I updated several Dell C6420 clients with a Mellanox Technologies MT28800 Family [ConnectX-5 Ex] card from centos 7.4.1708 to centos 7.9.2009 and a lot of them no longer negotiate 100GbE connections and the link doesn’t come up.
some do … with the same cable, connected to the same switch … more confusingly, booting back into the older kernel, or even booting the older CentOS 7 installer image also does not bring up the link…
lspci -v | grep Connect
5e:00.0 Ethernet controller: Mellanox Technologies MT28800 Family [ConnectX-5 Ex]
5e:00.1 Ethernet controller: Mellanox Technologies MT28800 Family [ConnectX-5 Ex]
on a happy system, with centos 7.8 / 3.10.0-1127.el7.x86_64
mlxlink -d /dev/mst/mt4121_pciconf0
Operational Info
State : Active
Physical state : LinkUp
Speed : 100GbE
Width : 4x
FEC : Standard RS-FEC - RS(528,514)
Loopback Mode : No Loopback
Auto Negotiation : ON
Supported Info
Enabled Link Speed : 0xf8f1f0d3 (100G,50G,40G,25G,10G,1G)
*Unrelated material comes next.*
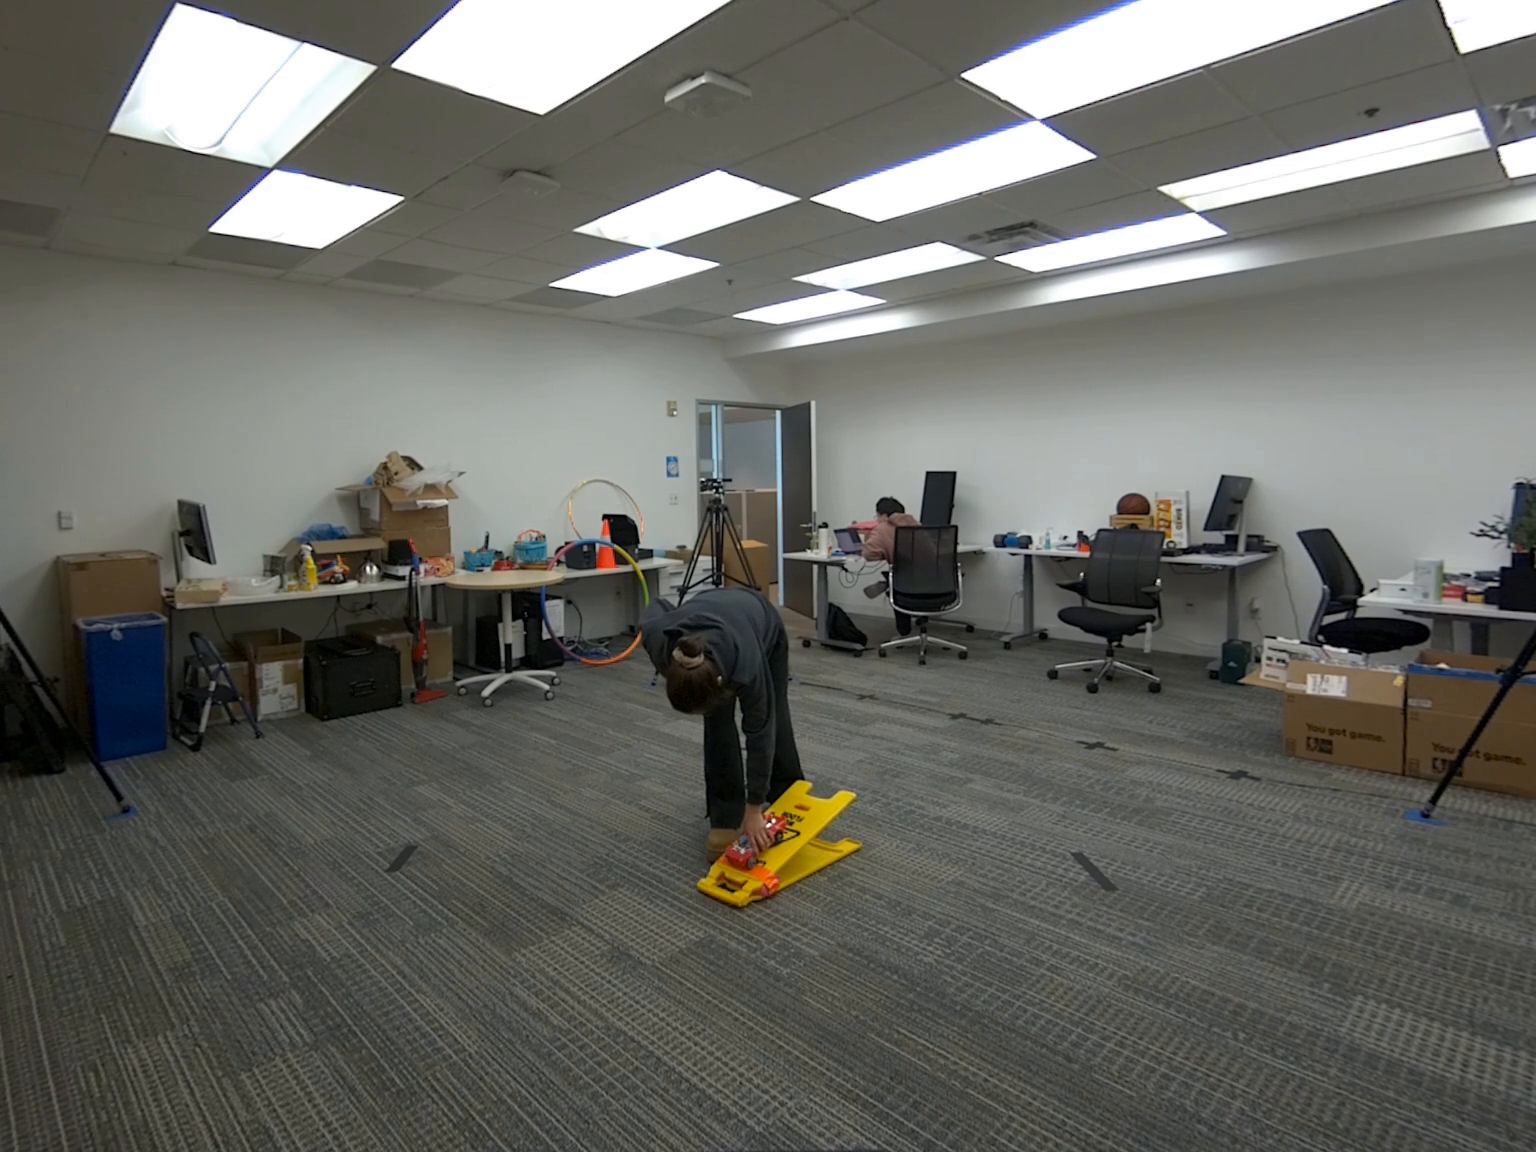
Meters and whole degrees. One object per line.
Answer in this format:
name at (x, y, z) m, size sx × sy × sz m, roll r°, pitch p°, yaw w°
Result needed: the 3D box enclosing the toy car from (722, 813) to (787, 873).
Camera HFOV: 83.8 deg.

Supported Cable Speed : 0x2024a101 (100G,56G,50G,40G,25G,10G,1G)
Troubleshooting Info
Status Opcode : 0
Group Opcode : N/A
Recommendation : No issue was observed
Tool Information
Firmware Version : 16.32.2004
MFT Version : mft 4.22.1-11
mlxcables
Querying Cables …
Cable #1:
Cable name : mt4121_pciconf0_cable_0
No FW data to show
-------- Cable EEPROM --------
Identifier : QSFP28 (11h)
Technology : 850 nm VCSEL (00h)
Compliance : 100GBASE-SR4 or 25GBASE-SR
Wavelength : 850 nm
OUI : 0xac4afe
Vendor : DELL EMC
Serial number : CN04HG0017E4063
Part number : 14NV5
Revision : A1
Temperature [c] : 46 [-10…80]
Digital Diagnostic Monitoring : YES
Length [m] : 50 m
on another, identical system that was upgraded to centos 7.8 …
Supported Info
Enabled Link Speed : 0x0801f0d3 (40G,25G,10G,1G)
Supported Cable Speed : 0x2024a101 (100G,56G,50G,40G,25G,10G,1G)
Physical state: ETH_AN_FSM_ABILITY_DETECT,
State: Polling
Troubleshooting info:
Status Opcode: 2
Group Opcode: PHY FW
Recommendation: Negotiation failure …
same mst cable info,
both connected to a Z9264F-ON OS Version: 10.5.0.6C1
mlxconfig reset did not resolve the issue …
so far 7 systems have failed after the upgrade and I have many more left to upgrade so any tips would be very much appreciated!